From: James Smart <jsmart2021@gmail.com>

[ Upstream commit 35ed9613d83f3c1f011877d591fd7d36f2666106 ]

Following EEH errors, the driver can crash or hang when deleting the
localport or when attempting to unload.

The EEH handlers in the driver did not notify the NVMe-FC transport before
tearing the driver down. This was delayed until the resume steps. This
worked for SCSI because lpfc_block_scsi() would notify the
scsi_fc_transport that the target was not available but it would not clean
up all the references to the ndlp.

The SLI3 prep for dev reset handler did the lpfc_offline_prep() and
lpfc_offline() calls to get the port stopped before restarting.

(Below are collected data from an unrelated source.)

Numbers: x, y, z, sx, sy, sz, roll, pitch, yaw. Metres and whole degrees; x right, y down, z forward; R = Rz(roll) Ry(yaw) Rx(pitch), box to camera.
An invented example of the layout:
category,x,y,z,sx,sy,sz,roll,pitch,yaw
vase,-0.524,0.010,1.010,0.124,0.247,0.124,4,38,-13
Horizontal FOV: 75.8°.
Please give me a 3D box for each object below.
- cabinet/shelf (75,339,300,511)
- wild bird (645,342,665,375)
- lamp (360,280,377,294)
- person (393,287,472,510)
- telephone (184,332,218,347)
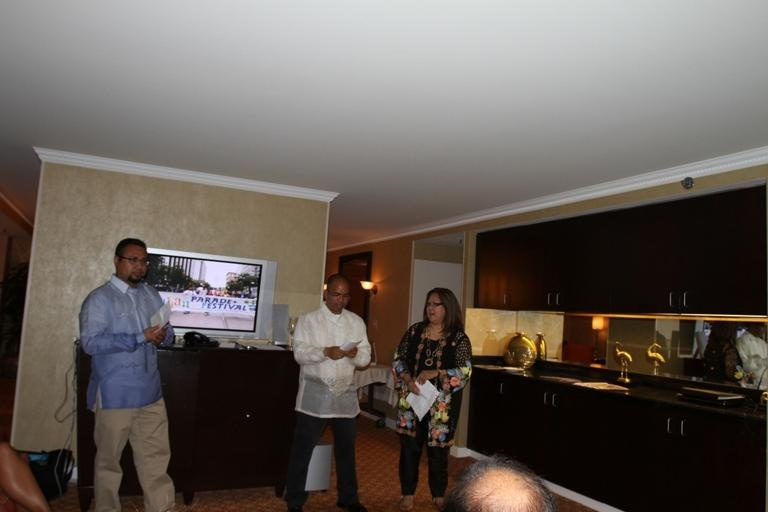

The SLI4
version of the prep for dev reset just destroyed the queues and did not
stop NVMe from continuing.  Also because the port was not really stopped
the localport destroy would hang because the transport was still waiting
for I/O. Additionally, a devloss tmo can fire and post events to a stopped
worker thread creating another hang condition.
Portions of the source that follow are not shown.